# Assigned task
The entries below are to be transcribed in full, without their images.

# Entries supplied
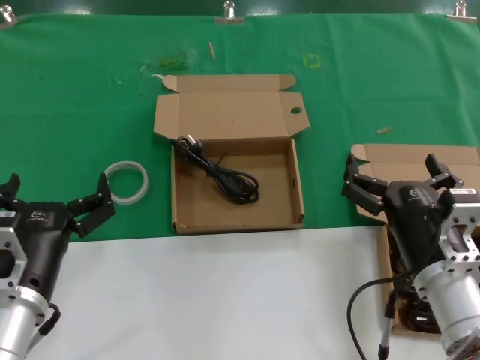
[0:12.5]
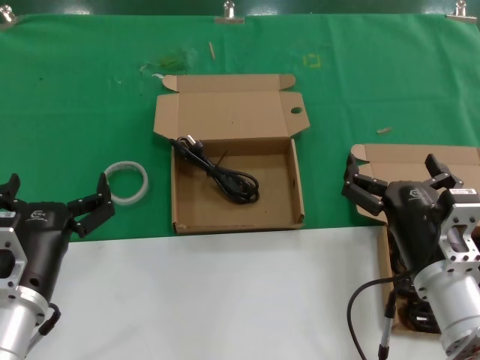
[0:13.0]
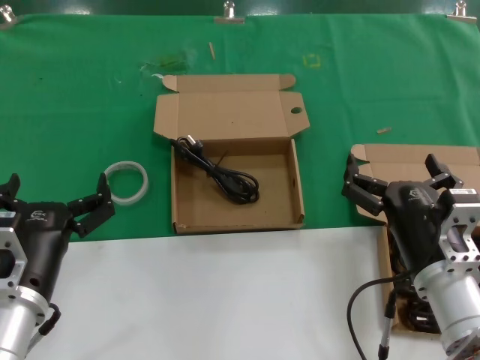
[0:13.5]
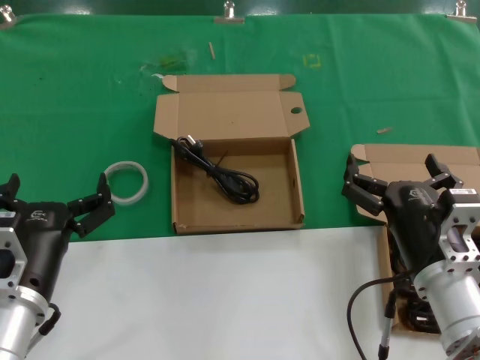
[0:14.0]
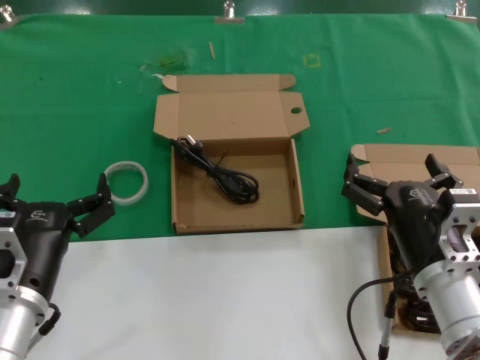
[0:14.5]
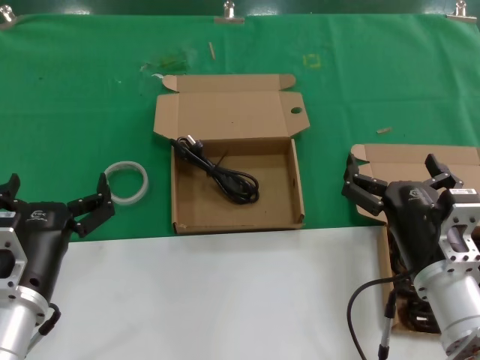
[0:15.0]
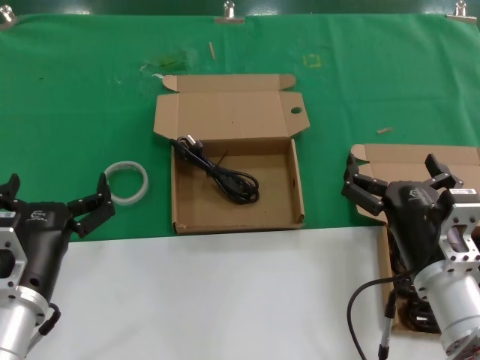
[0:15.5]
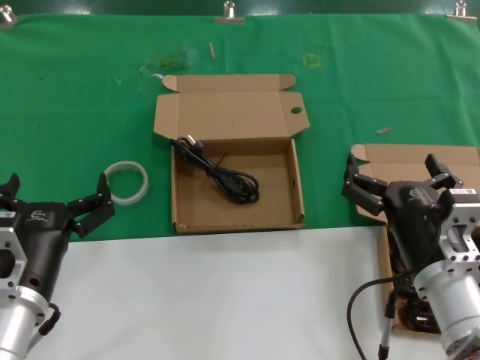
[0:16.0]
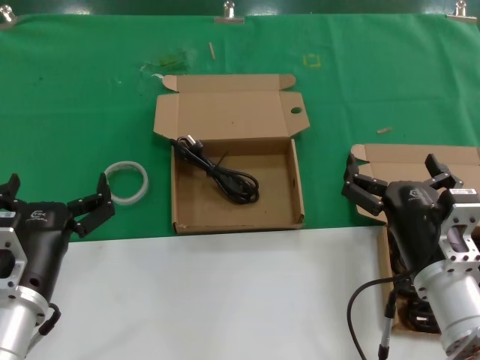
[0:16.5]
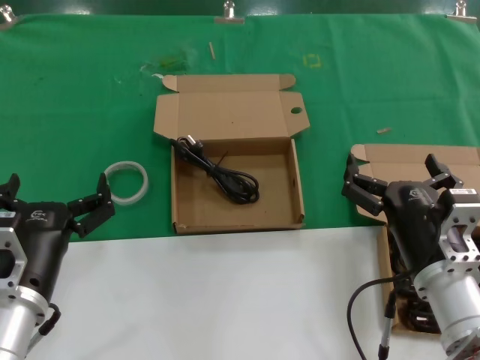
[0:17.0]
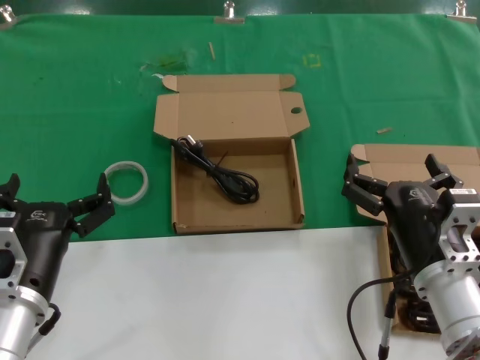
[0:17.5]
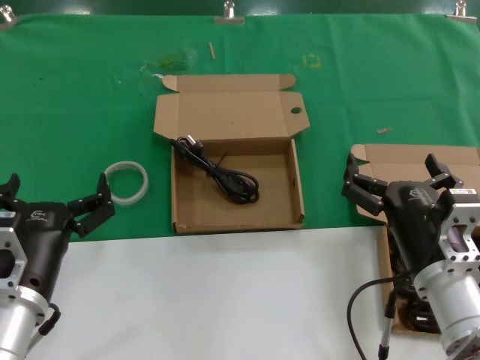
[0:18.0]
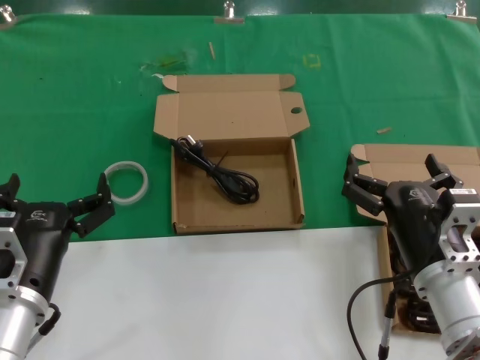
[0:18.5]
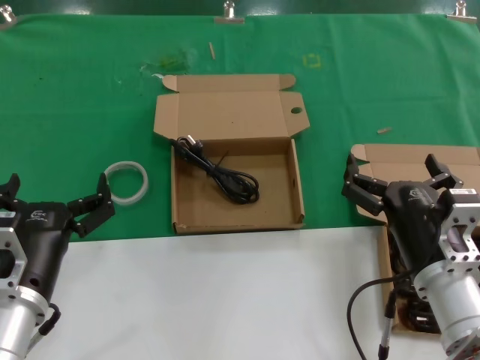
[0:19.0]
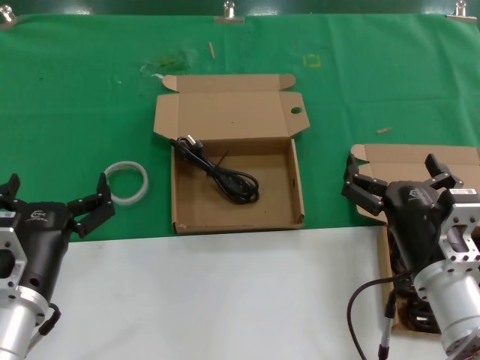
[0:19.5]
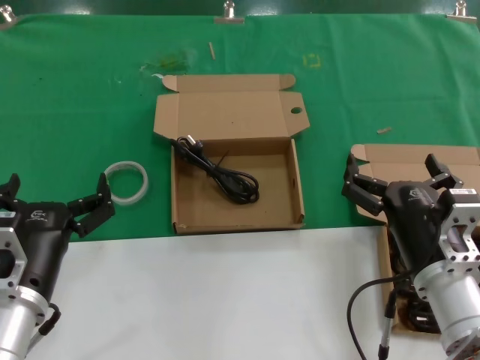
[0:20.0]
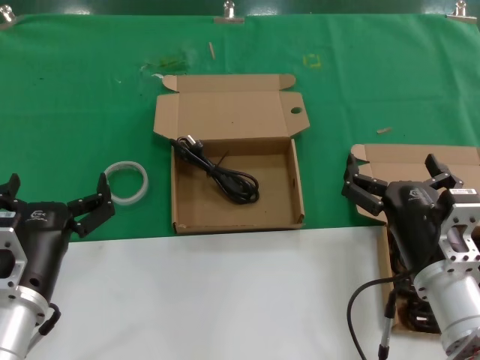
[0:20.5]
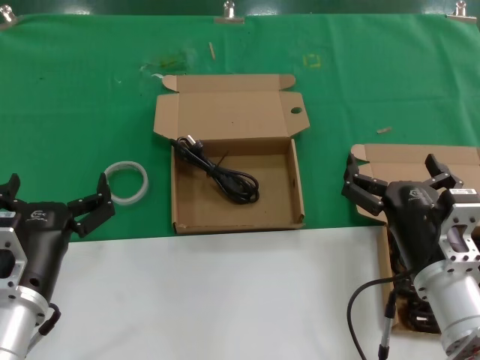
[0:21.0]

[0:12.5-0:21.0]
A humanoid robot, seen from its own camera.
Task of the whole recording: take the parts from the box containing them and put them into an empty box.
0:12.5 to 0:21.0: Both hands stay about where they are.

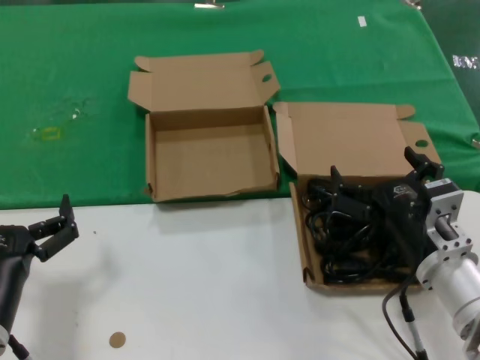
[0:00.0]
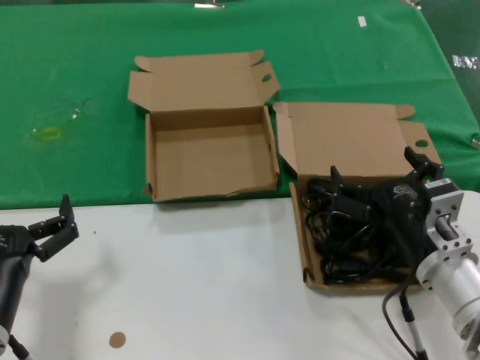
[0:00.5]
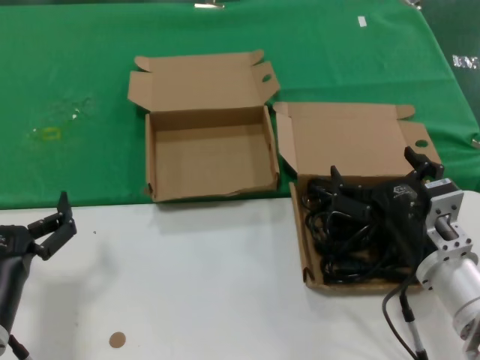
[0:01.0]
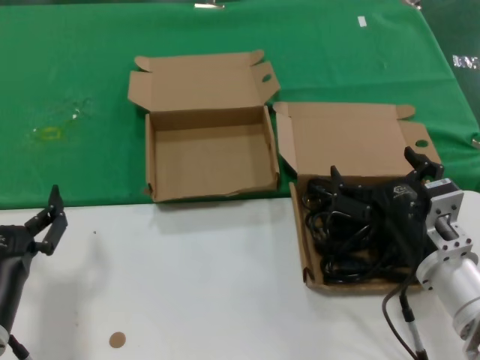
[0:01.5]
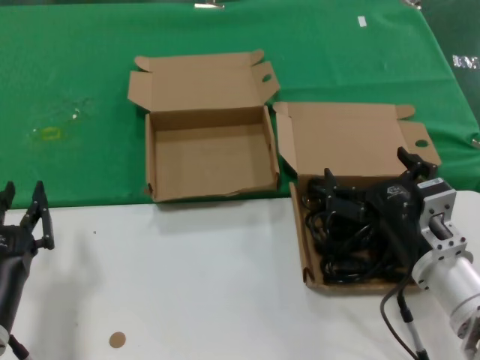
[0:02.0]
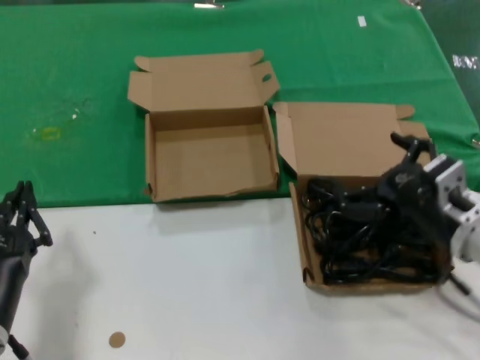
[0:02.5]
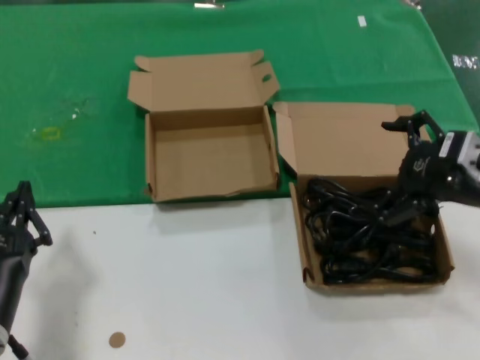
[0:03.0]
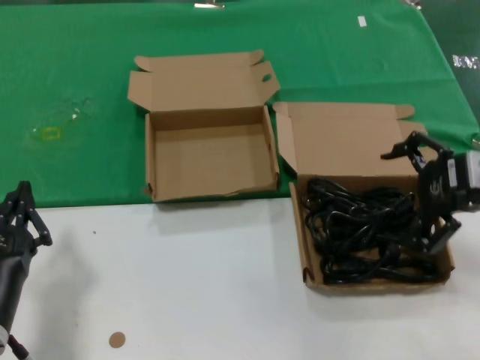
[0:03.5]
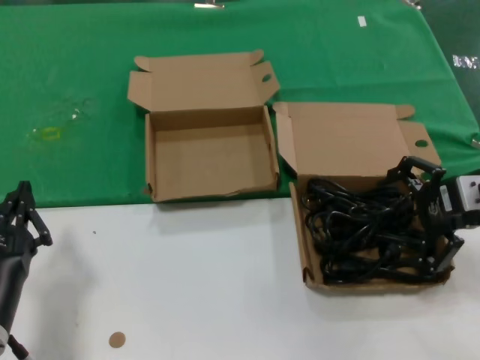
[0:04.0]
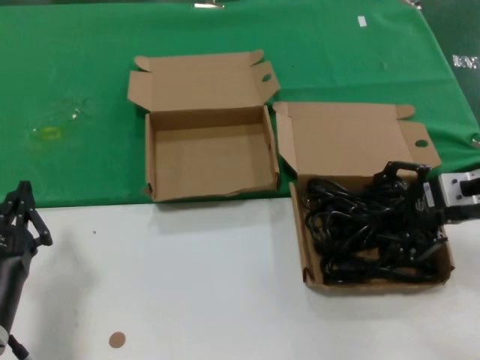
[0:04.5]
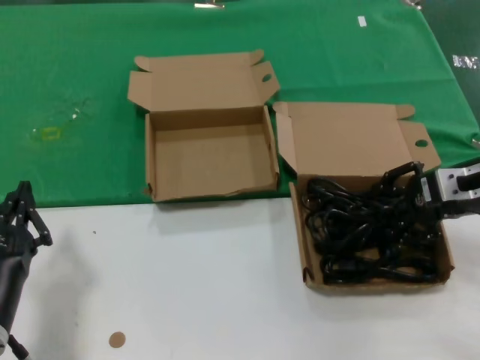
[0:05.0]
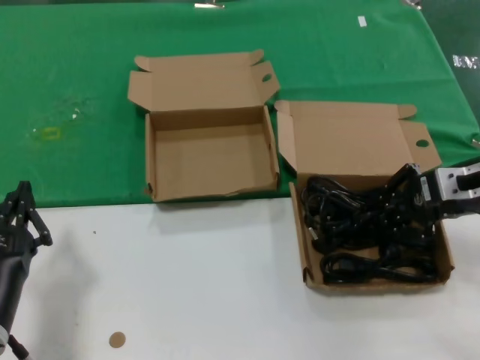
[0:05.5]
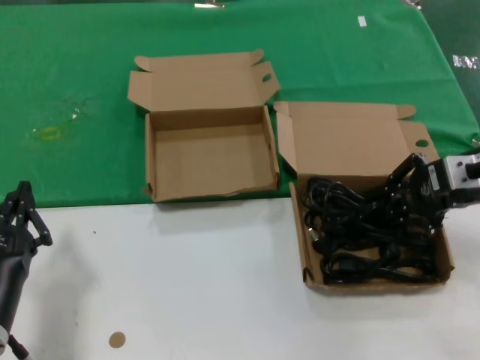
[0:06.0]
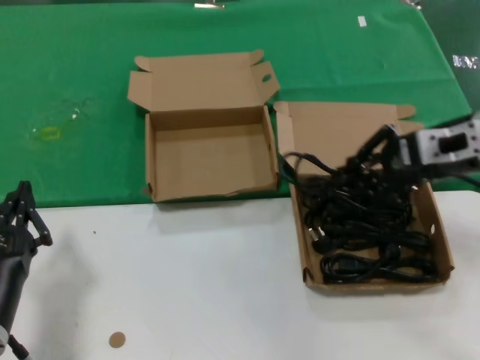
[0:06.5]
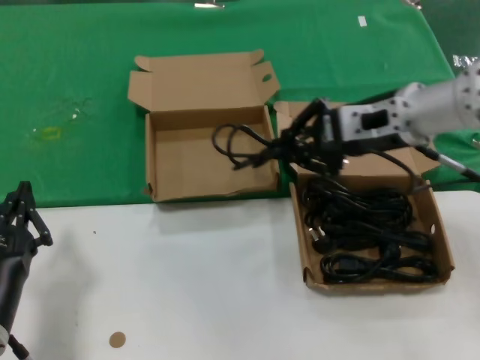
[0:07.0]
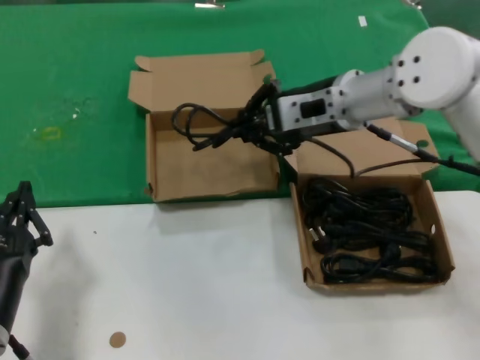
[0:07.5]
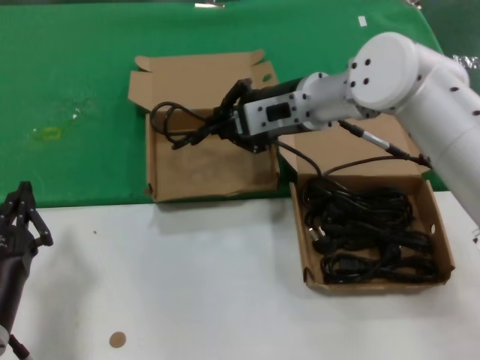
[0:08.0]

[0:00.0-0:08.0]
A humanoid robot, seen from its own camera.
Task of the whole recording: take the parts from the box containing them and put them into an empty box.
Step, 0:00.0 to 0:05.0: Grasp the data cable.
0:00.0 to 0:02.0: Both hands stay put.
0:02.0 to 0:04.0: The right hand travels upward, to the right and forward by approximately 20 cm.
0:04.0 to 0:06.0: The hands stay close to where they were, moving slightly.
0:06.0 to 0:08.0: The right hand goes some 25 cm to the left and forward.

# Your solution
[0:12.5]
[0:13.0]
[0:13.5]
[0:14.0]
[0:14.5]
[0:15.0]
[0:15.5]
[0:16.0]
[0:16.5]
[0:17.0]
[0:17.5]
[0:18.0]
[0:18.5]
[0:19.0]
[0:19.5]
[0:20.0]
[0:20.5]
[0:21.0]

[0:12.5-0:21.0]
A humanoid robot, seen from its own camera.
Task of the whole recording: take the parts from the box containing them and put them into an empty box.
0:12.5 to 0:21.0: Both hands stay about where they are.

[0:00.0]
[0:00.5]
[0:01.0]
[0:01.5]
[0:02.0]
[0:02.5]
[0:03.0]
[0:03.5]
[0:04.0]
[0:04.5]
[0:05.0]
[0:05.5]
[0:06.0]
[0:06.5]
[0:07.0]
[0:07.5]
[0:08.0]

[0:00.0-0:08.0]
A humanoid robot, seen from its own camera.
Task of the whole recording: take the parts from the box containing them and put them into an empty box.
Step, 0:00.0 to 0:05.0: Grasp the data cable.
0:00.0 to 0:02.0: Both hands stay put.
0:02.0 to 0:04.0: The right hand travels upward, to the right and forward by approximately 20 cm.
0:04.0 to 0:06.0: The hands stay close to where they were, moving slightly.
0:06.0 to 0:08.0: The right hand goes some 25 cm to the left and forward.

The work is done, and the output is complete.